O guardião infiel: o dólar em xeque

Na década de 1990, diante do aumento da criminalidade urbana, os Estados Unidos adotaram uma política de tolerância zero inspirada na lógica do “Three Strikes and You’re Out” — expressão do beisebol que, em termos penais, significava: errou três vezes, está fora. A regra era simples e dura: à terceira reincidência, o infrator perdia a liberdade. Curiosamente, essa mesma lógica pode ser aplicada hoje ao próprio comportamento dos Estados Unidos como guardião do dólar. Ao reincidir em decisões que comprometem a confiança global na sua moeda, o país ameaça a longevidade daquilo que sempre foi seu maior trunfo geopolítico: a centralidade do dólar.

Certa vez, em sala de aula na School of Advanced International Studies, da Johns Hopkins University, em Washington, DC,  quando aluno, perguntei a um professor de economia internacional como os Estados Unidos conseguiam sustentar tamanha dívida pública. Ele, sem titubear, tirou do bolso uma nota de 20 dólares e disse: “Enquanto o mundo confiar no emissor, isso continuará valendo.” Essa resposta simples carregava uma verdade essencial: o valor de uma moeda global repousa sobre confiança, não sobre papel. E é exatamente essa confiança que vem sendo corroída, pouco a pouco, por decisões tomadas ao longo das últimas décadas.

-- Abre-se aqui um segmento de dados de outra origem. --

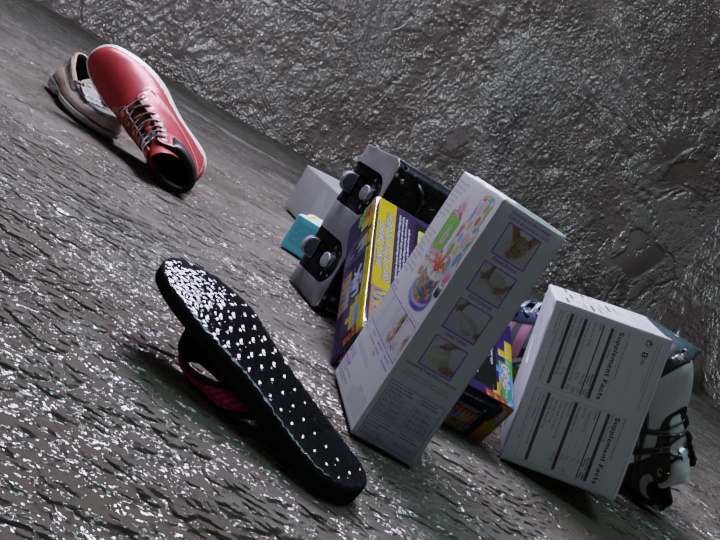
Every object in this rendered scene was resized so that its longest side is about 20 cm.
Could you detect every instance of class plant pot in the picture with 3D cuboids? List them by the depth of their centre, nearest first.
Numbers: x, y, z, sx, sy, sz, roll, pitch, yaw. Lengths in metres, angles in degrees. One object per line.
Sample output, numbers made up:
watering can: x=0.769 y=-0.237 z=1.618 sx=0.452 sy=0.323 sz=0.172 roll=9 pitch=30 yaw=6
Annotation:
plant pot: x=0.941 y=0.251 z=3.394 sx=0.200 sy=0.134 sz=0.200 roll=32 pitch=8 yaw=-5

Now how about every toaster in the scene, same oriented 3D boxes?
toaster: x=0.047 y=-0.019 z=1.189 sx=0.200 sy=0.181 sz=0.119 roll=27 pitch=7 yaw=-32

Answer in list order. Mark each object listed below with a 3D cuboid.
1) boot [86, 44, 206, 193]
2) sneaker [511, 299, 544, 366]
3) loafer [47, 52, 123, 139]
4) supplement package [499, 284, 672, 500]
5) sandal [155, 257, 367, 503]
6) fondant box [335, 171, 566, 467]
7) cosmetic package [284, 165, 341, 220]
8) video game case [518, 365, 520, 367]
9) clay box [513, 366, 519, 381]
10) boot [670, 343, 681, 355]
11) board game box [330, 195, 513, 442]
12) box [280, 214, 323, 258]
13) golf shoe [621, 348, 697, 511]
boot: x=-0.259 y=-0.182 z=1.293 sx=0.200 sy=0.072 sz=0.144 roll=52 pitch=6 yaw=-11
sneaker: x=0.180 y=0.057 z=1.218 sx=0.070 sy=0.200 sz=0.082 roll=-62 pitch=134 yaw=-62
loafer: x=-0.354 y=-0.234 z=1.418 sx=0.072 sy=0.063 sz=0.200 roll=27 pitch=9 yaw=-41
supplement package: x=0.212 y=0.110 z=1.055 sx=0.111 sy=0.156 sz=0.200 roll=19 pitch=6 yaw=7
sandal: x=-0.074 y=0.069 z=0.665 sx=0.200 sy=0.045 sz=0.075 roll=51 pitch=20 yaw=23
fondant box: x=0.060 y=0.031 z=0.824 sx=0.058 sy=0.200 sz=0.144 roll=30 pitch=8 yaw=-12
cosmetic package: x=-0.035 y=-0.086 z=1.698 sx=0.107 sy=0.090 sz=0.200 roll=25 pitch=12 yaw=-27
video game case: x=0.279 y=0.128 z=1.385 sx=0.182 sy=0.023 sz=0.200 roll=41 pitch=23 yaw=25
clay box: x=0.261 y=0.161 z=1.407 sx=0.200 sy=0.048 sz=0.115 roll=34 pitch=9 yaw=7
boot: x=0.248 y=0.106 z=1.264 sx=0.158 sy=0.080 sz=0.211 roll=-25 pitch=27 yaw=-34
board game box: x=0.062 y=0.042 z=1.022 sx=0.165 sy=0.057 sz=0.200 roll=29 pitch=35 yaw=-16
box: x=0.000 y=0.000 z=1.393 sx=0.200 sy=0.049 sz=0.082 roll=33 pitch=7 yaw=8
golf shoe: x=0.320 y=0.168 z=1.130 sx=0.078 sy=0.200 sz=0.095 roll=-19 pitch=48 yaw=-24

A primeira grande ruptura ocorreu em 1971, quando Richard Nixon abandonou o padrão-ouro e rompeu unilateralmente com os Acordos de Bretton Woods. Foi um movimento pragmático, sim — mas também a primeira demonstração clara de que os Estados Unidos estavam dispostos a mudar as regras do jogo conforme seus próprios interesses. A semente da desconfiança foi plantada.

A segunda “infração” veio em 2008, com a crise financeira. O governo Bush, ao implementar o quantitative easing, inundou os mercados com trilhões de dólares recém-criados. Salvou bancos, mas desvalorizou a moeda e prejudicou economias que mantinham reservas em dólar. O mundo suportou, mas não esqueceu.

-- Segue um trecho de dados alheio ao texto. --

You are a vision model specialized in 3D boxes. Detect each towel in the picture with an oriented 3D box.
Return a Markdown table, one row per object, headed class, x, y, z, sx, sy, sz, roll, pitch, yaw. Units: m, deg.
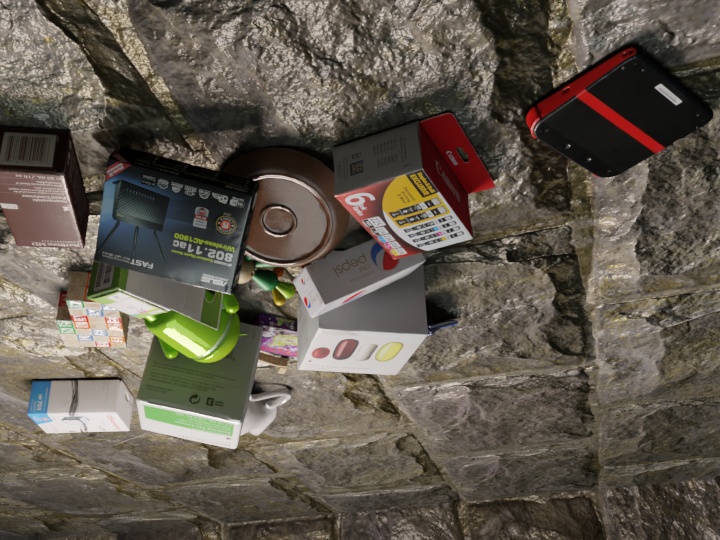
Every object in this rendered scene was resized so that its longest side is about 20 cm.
| class | x | y | z | sx | sy | sz | roll | pitch | yaw |
| --- | --- | --- | --- | --- | --- | --- | --- | --- | --- |
| towel | 0.079 | 0.134 | 1.630 | 0.199 | 0.024 | 0.145 | -17 | 176 | 27 |

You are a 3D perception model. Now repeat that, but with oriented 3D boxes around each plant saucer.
| class | x | y | z | sx | sy | sz | roll | pitch | yaw |
| --- | --- | --- | --- | --- | --- | --- | --- | --- | --- |
| plant saucer | -0.114 | -0.079 | 1.176 | 0.199 | 0.035 | 0.201 | 2 | 128 | 3 |

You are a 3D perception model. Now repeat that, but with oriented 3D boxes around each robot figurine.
| class | x | y | z | sx | sy | sz | roll | pitch | yaw |
| --- | --- | --- | --- | --- | --- | --- | --- | --- | --- |
| robot figurine | -0.294 | 0.086 | 1.449 | 0.175 | 0.116 | 0.200 | -37 | 126 | 17 |

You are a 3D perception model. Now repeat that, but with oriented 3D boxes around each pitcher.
| class | x | y | z | sx | sy | sz | roll | pitch | yaw |
| --- | --- | --- | --- | --- | --- | --- | --- | --- | --- |
| pitcher | -0.270 | 0.317 | 1.935 | 0.171 | 0.122 | 0.200 | -39 | 150 | 19 |

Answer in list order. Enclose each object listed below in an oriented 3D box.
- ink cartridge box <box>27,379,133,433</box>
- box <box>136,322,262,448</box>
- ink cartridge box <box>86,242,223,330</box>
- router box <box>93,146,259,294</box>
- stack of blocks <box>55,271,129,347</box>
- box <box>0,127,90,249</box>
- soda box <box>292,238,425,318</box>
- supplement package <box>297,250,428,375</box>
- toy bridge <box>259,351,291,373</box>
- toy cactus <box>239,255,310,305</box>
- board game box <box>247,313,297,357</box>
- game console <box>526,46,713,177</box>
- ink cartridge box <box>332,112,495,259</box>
| class | x | y | z | sx | sy | sz | roll | pitch | yaw |
| --- | --- | --- | --- | --- | --- | --- | --- | --- | --- |
| ink cartridge box | -0.643 | 0.314 | 1.913 | 0.199 | 0.086 | 0.147 | 0 | 152 | -1 |
| box | -0.305 | 0.207 | 1.583 | 0.198 | 0.201 | 0.172 | 13 | 151 | -5 |
| ink cartridge box | -0.305 | 0.003 | 1.275 | 0.075 | 0.149 | 0.200 | -14 | 150 | 34 |
| router box | -0.249 | -0.066 | 1.120 | 0.199 | 0.062 | 0.151 | 14 | 114 | -4 |
| stack of blocks | -0.486 | 0.074 | 1.497 | 0.115 | 0.059 | 0.200 | 3 | 152 | -10 |
| box | -0.440 | -0.108 | 1.143 | 0.100 | 0.075 | 0.200 | 2 | 154 | -9 |
| soda box | 0.000 | 0.000 | 1.285 | 0.199 | 0.068 | 0.064 | -23 | 169 | -31 |
| supplement package | -0.002 | 0.079 | 1.447 | 0.190 | 0.148 | 0.200 | 4 | 153 | -12 |
| toy bridge | -0.246 | 0.191 | 1.770 | 0.199 | 0.027 | 0.067 | 5 | 150 | -15 |
| toy cactus | -0.151 | -0.006 | 1.306 | 0.164 | 0.103 | 0.200 | -19 | 152 | -9 |
| board game box | -0.143 | 0.138 | 1.680 | 0.199 | 0.032 | 0.120 | 14 | 152 | -29 |
| game console | 0.335 | -0.199 | 1.080 | 0.199 | 0.031 | 0.177 | 21 | 140 | -37 |
| ink cartridge box | 0.083 | -0.113 | 1.160 | 0.175 | 0.084 | 0.200 | -15 | 149 | 22 |

A terceira e mais recente falta veio sob o governo Trump. Com o discurso de reindustrialização dos EUA, medidas protecionistas foram tomadas de forma abrupta e unilateral. Tarifas foram impostas, acordos rompidos, o multilateralismo abandonado. Embora o objetivo de fortalecer a indústria americana fosse legítimo, os meios escolhidos corroeram ainda mais a previsibilidade do dólar como moeda global. Como declarou recentemente o atual Secretário de Estado, Marco Rubio, os Estados Unidos não podem ser apenas uma nação de serviços. Mas a reconstrução da base industrial não pode ocorrer às custas da estabilidade do sistema monetário internacional.

Se pensarmos em estabilidade — valor fundamental para qualquer moeda de referência —, o governo norte-americano tem deixado muito a desejar. A condução econômica, tanto no plano doméstico quanto internacional, revela um padrão preocupante de imprevisibilidade e priorização do curto prazo. Os Estados Unidos estão agindo como um guardião infiel da própria moeda que os projeta globalmente.

O mundo começa a reagir. A Rússia e a China avançam na desdolarização. Bancos centrais diversificam suas reservas. Moedas digitais e alternativas tecnológicas surgem com força. O dólar não desaparecerá amanhã — mas seu papel como pilar incontestável da ordem econômica global já está em xeque.

A confiança é lenta para se construir, rápida para se perder e quase impossível de restaurar. E, se os Estados Unidos seguirem reincidindo, talvez descubram — tarde demais — que na economia global também vale a regra do “Three Strikes and You’re Out”.